How to complete this task >> Please write out the entire listing below exactly, excluding its pictures.
Material for the task START
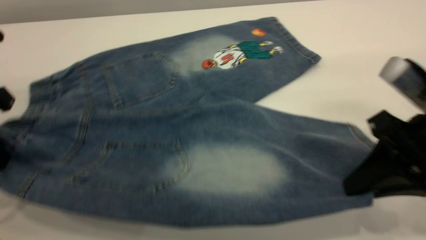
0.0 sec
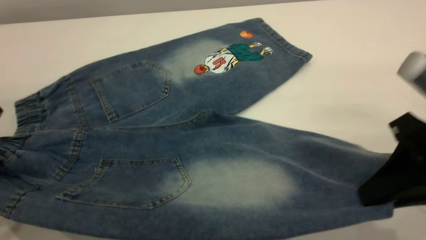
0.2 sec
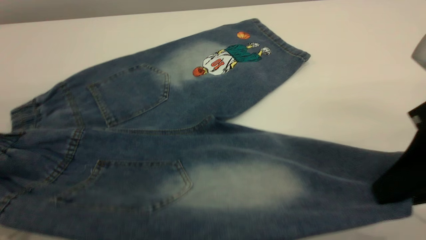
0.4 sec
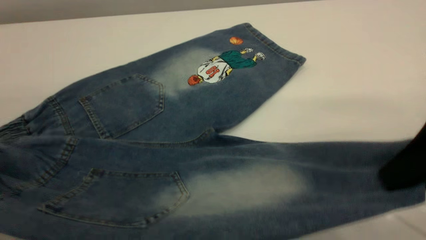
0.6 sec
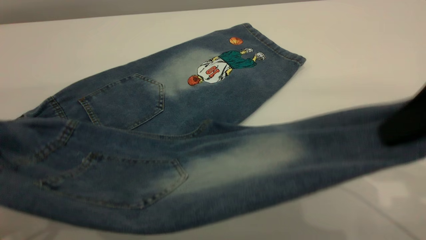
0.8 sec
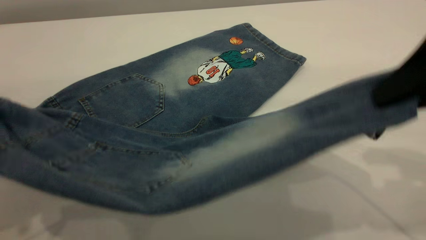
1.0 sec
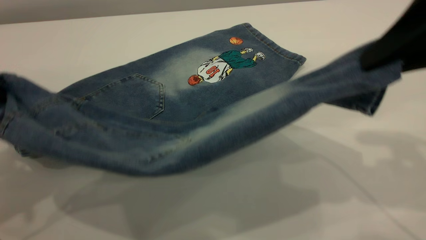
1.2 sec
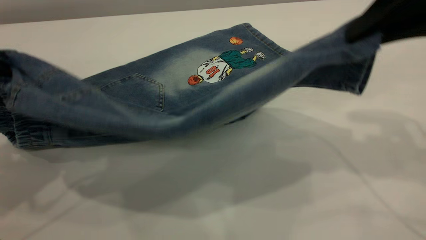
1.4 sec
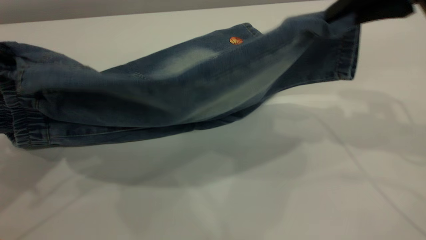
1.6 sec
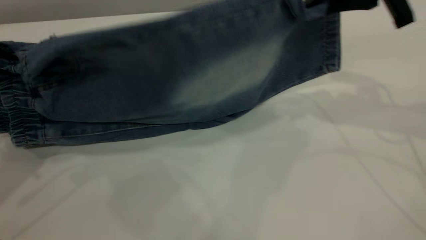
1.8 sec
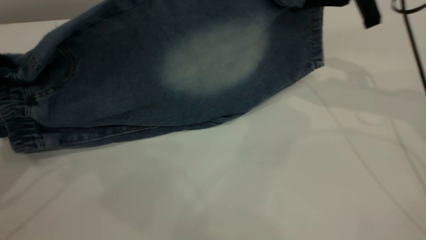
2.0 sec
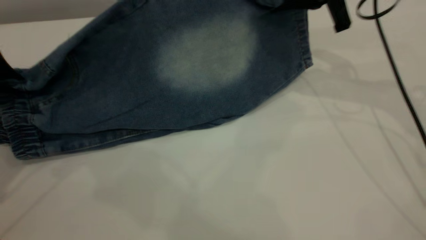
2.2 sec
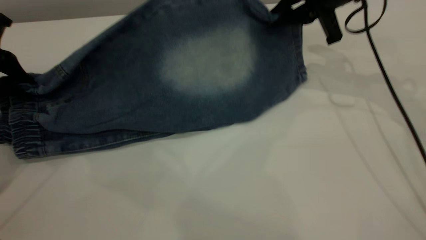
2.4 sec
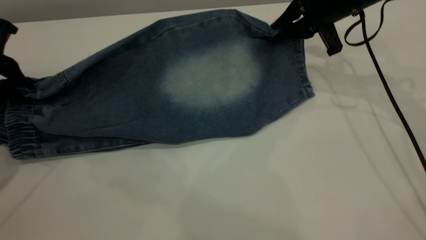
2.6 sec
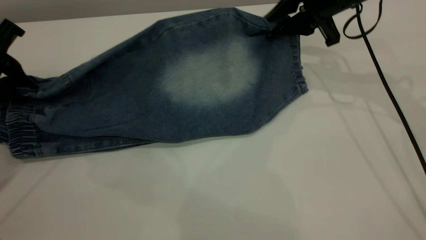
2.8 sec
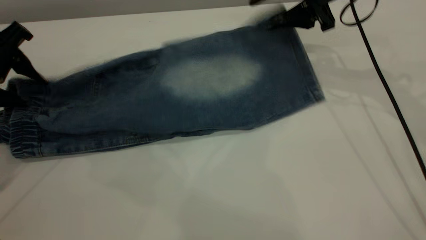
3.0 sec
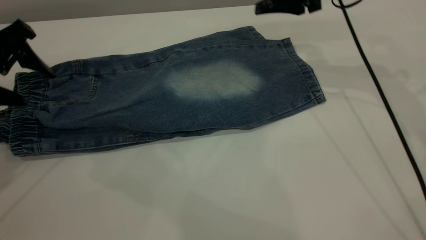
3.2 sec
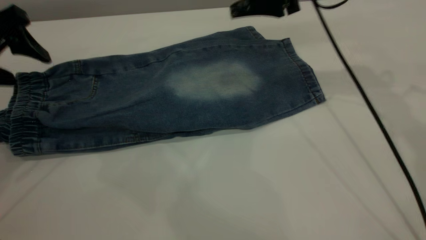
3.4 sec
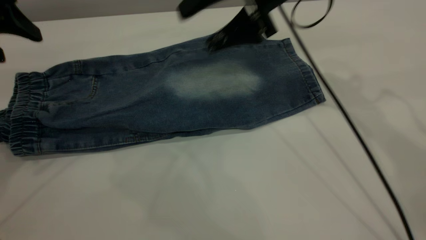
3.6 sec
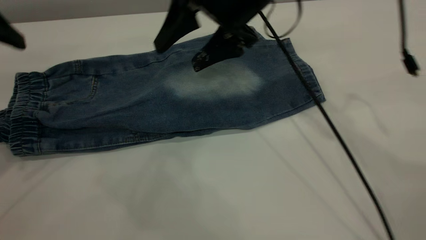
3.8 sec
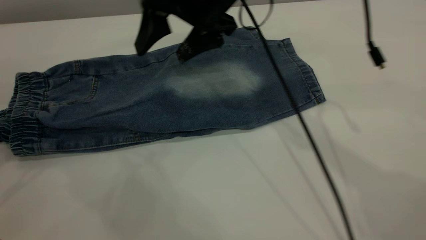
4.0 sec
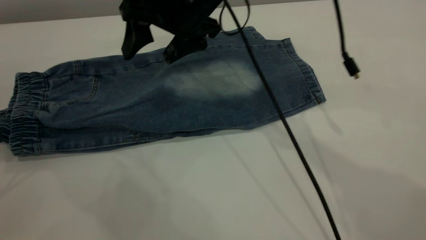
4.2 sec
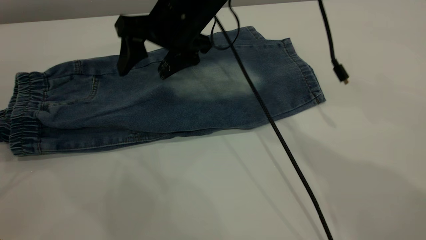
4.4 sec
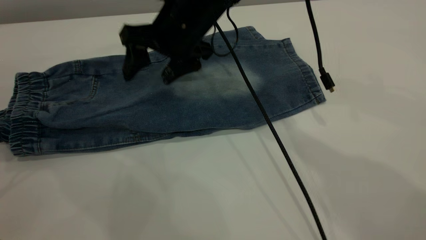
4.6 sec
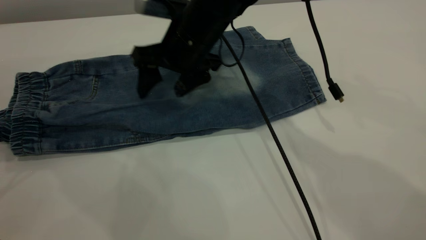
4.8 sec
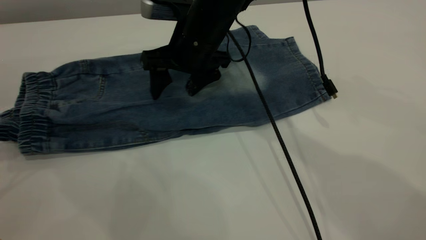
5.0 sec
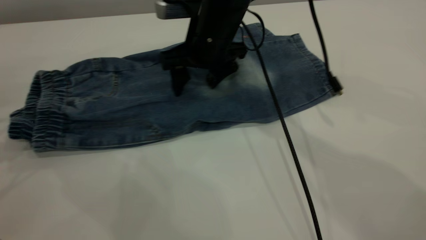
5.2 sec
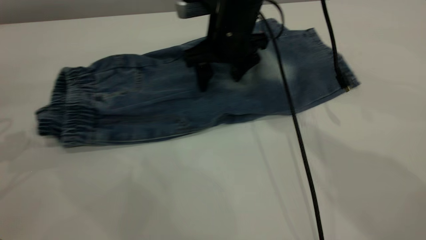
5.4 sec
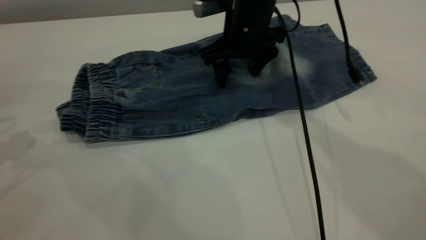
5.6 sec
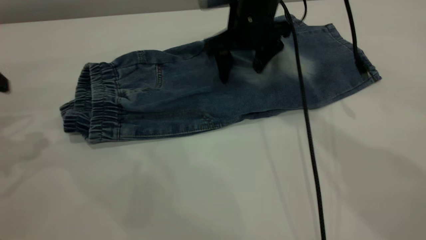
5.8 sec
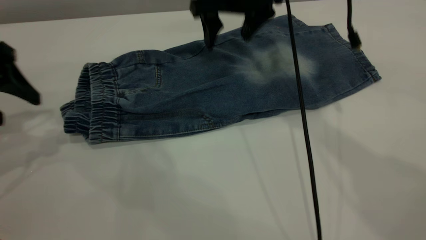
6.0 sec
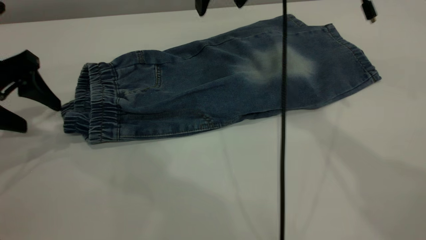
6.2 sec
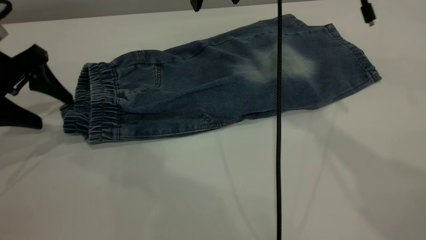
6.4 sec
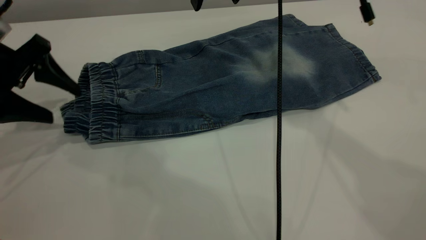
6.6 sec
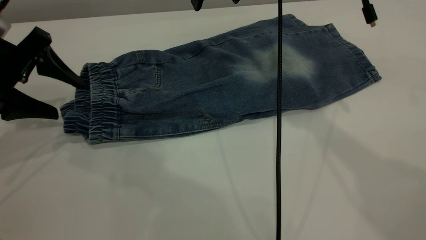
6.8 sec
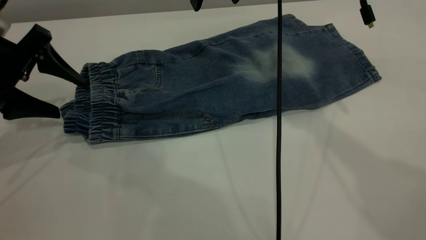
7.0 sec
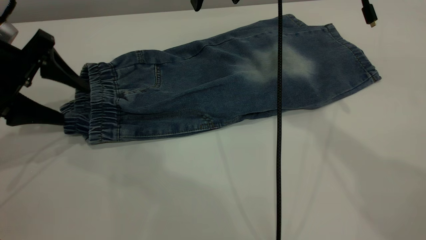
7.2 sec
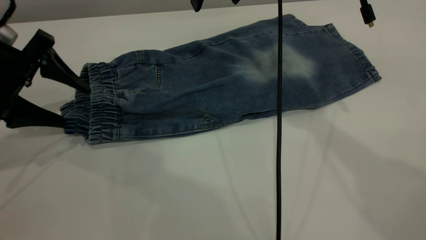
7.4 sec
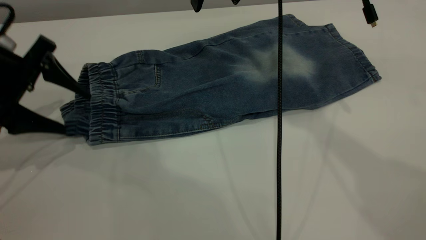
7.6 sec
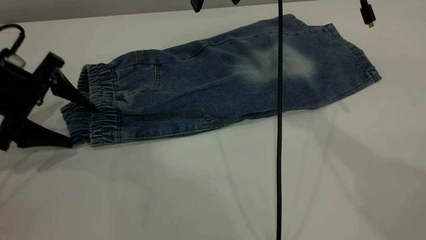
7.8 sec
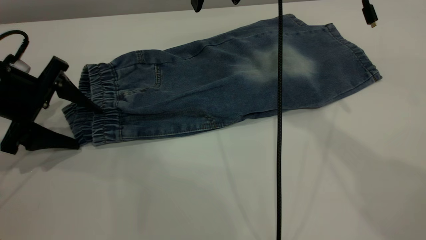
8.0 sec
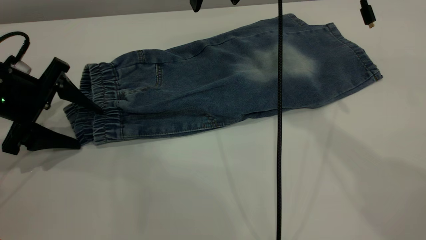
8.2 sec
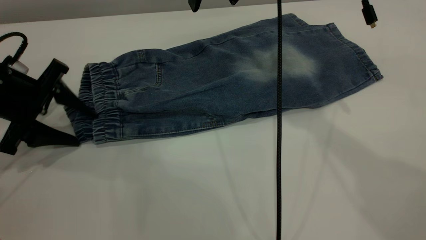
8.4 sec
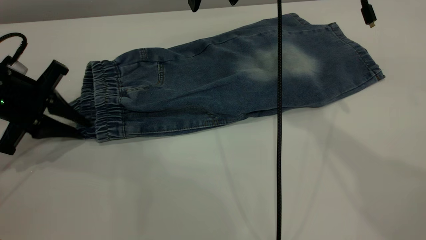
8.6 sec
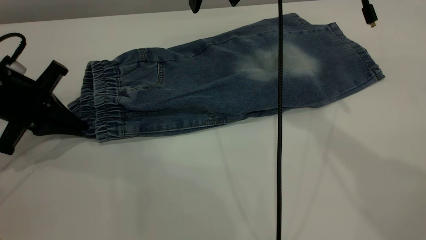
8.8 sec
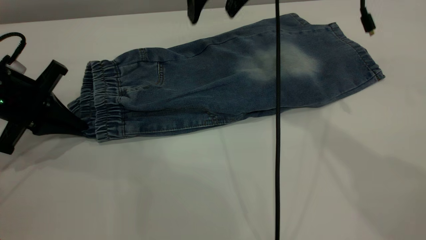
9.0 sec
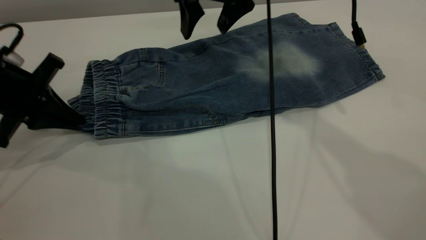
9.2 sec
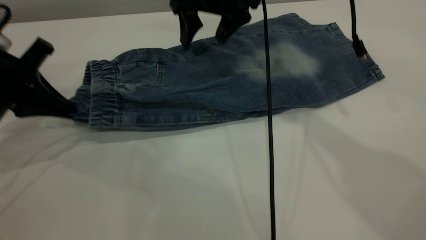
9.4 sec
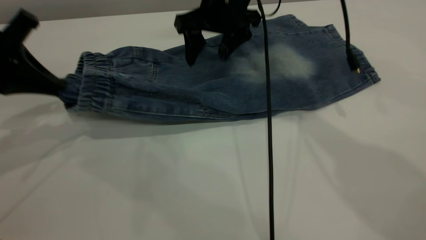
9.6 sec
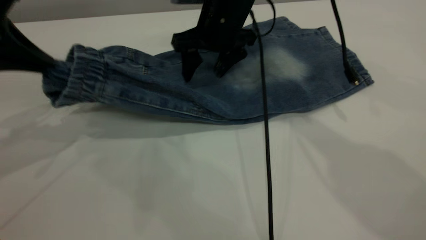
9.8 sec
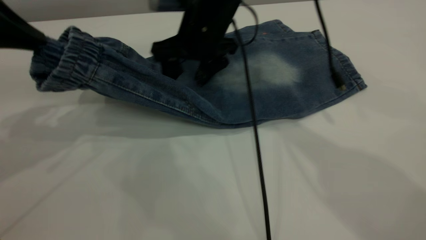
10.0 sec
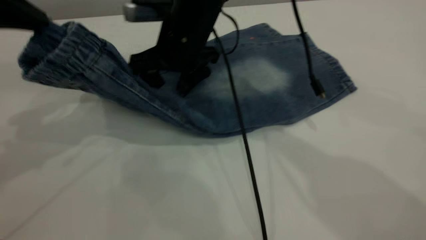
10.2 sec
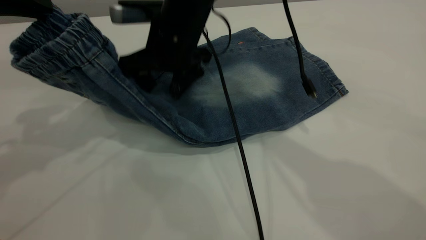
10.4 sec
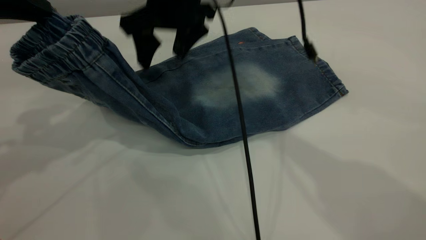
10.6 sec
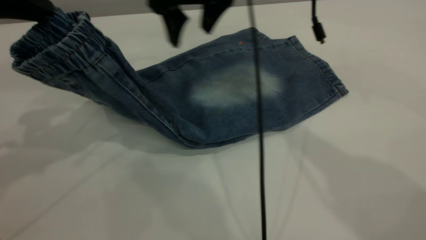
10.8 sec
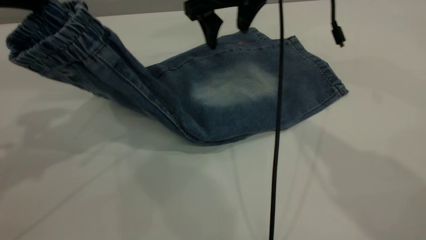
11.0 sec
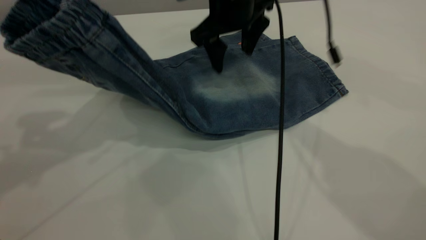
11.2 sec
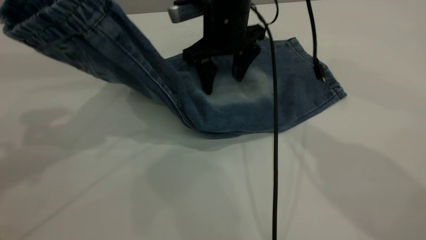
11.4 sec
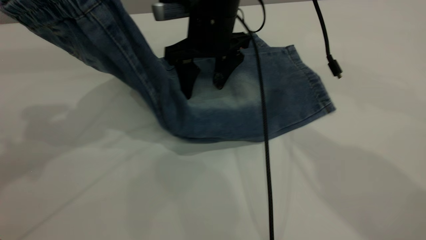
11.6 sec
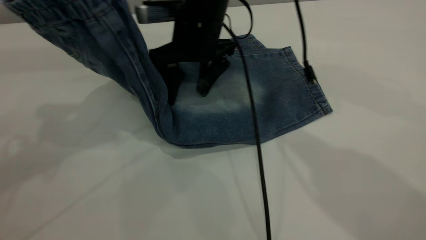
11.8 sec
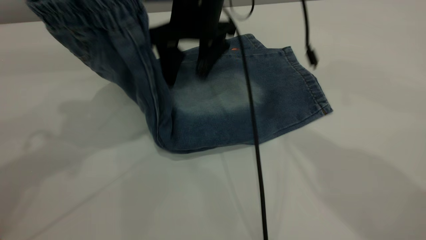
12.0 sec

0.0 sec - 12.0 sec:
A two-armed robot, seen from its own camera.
Step, 0.0 sec - 3.4 sec: Fold the bottom of the pants upward.
0.0 sec - 1.6 sec: The right gripper heads upward and forward, covering approximately 15 cm; the left gripper heads upward, covering roughly 5 cm.
1.6 sec - 3.0 sec: The left gripper heads downward and forward, covering about 10 cm, and opens its fingers. Meanwhile the right gripper goes approximately 15 cm forward and downward, and opens its fingers.
3.0 sec - 4.4 sec: The left gripper is displaced to the left and upward by some 10 cm. Meanwhile the right gripper heads to the left, covering about 20 cm.
4.4 sec - 6.0 sec: The right gripper moves to the right, about 10 cm. The left gripper is displaced downward and to the right by roughly 5 cm.
7.6 sec - 9.0 sec: The left gripper closes up.
9.0 sec - 10.4 sec: The right gripper is displaced to the left, downward and backward by about 10 cm. The left gripper travels upward by roughly 15 cm.
10.4 sec - 12.0 sec: The left gripper goes roughly 5 cm to the right, while the right gripper moves up and down over about 5 cm, changing direction 2 times.
Material for the task END
Answer for this exercise >>
0.0 sec
0.2 sec
0.4 sec
0.6 sec
0.8 sec
1.0 sec
1.2 sec
1.4 sec
1.6 sec
1.8 sec
2.0 sec
2.2 sec
2.4 sec
2.6 sec
2.8 sec
3.0 sec
3.2 sec
3.4 sec
3.6 sec
3.8 sec
4.0 sec
4.2 sec
4.4 sec
4.6 sec
4.8 sec
5.0 sec
5.2 sec
5.4 sec
5.6 sec
5.8 sec
6.0 sec
6.2 sec
6.4 sec
6.6 sec
6.8 sec
7.0 sec
7.2 sec
7.4 sec
7.6 sec
7.8 sec
8.0 sec
8.2 sec
8.4 sec
8.6 sec
8.8 sec
9.0 sec
9.2 sec
9.4 sec
9.6 sec
9.8 sec
10.0 sec
10.2 sec
10.4 sec
10.6 sec
10.8 sec
11.0 sec
11.2 sec
11.4 sec
11.6 sec
11.8 sec
12.0 sec

0.0 sec - 12.0 sec:
A two-armed robot, seen from its own camera.
Step, 0.0 sec - 3.4 sec: Fold the bottom of the pants upward.
0.0 sec - 1.6 sec: The right gripper heads upward and forward, covering approximately 15 cm; the left gripper heads upward, covering roughly 5 cm.
1.6 sec - 3.0 sec: The left gripper heads downward and forward, covering about 10 cm, and opens its fingers. Meanwhile the right gripper goes approximately 15 cm forward and downward, and opens its fingers.
3.0 sec - 4.4 sec: The left gripper is displaced to the left and upward by some 10 cm. Meanwhile the right gripper heads to the left, covering about 20 cm.
4.4 sec - 6.0 sec: The right gripper moves to the right, about 10 cm. The left gripper is displaced downward and to the right by roughly 5 cm.
7.6 sec - 9.0 sec: The left gripper closes up.
9.0 sec - 10.4 sec: The right gripper is displaced to the left, downward and backward by about 10 cm. The left gripper travels upward by roughly 15 cm.
10.4 sec - 12.0 sec: The left gripper goes roughly 5 cm to the right, while the right gripper moves up and down over about 5 cm, changing direction 2 times.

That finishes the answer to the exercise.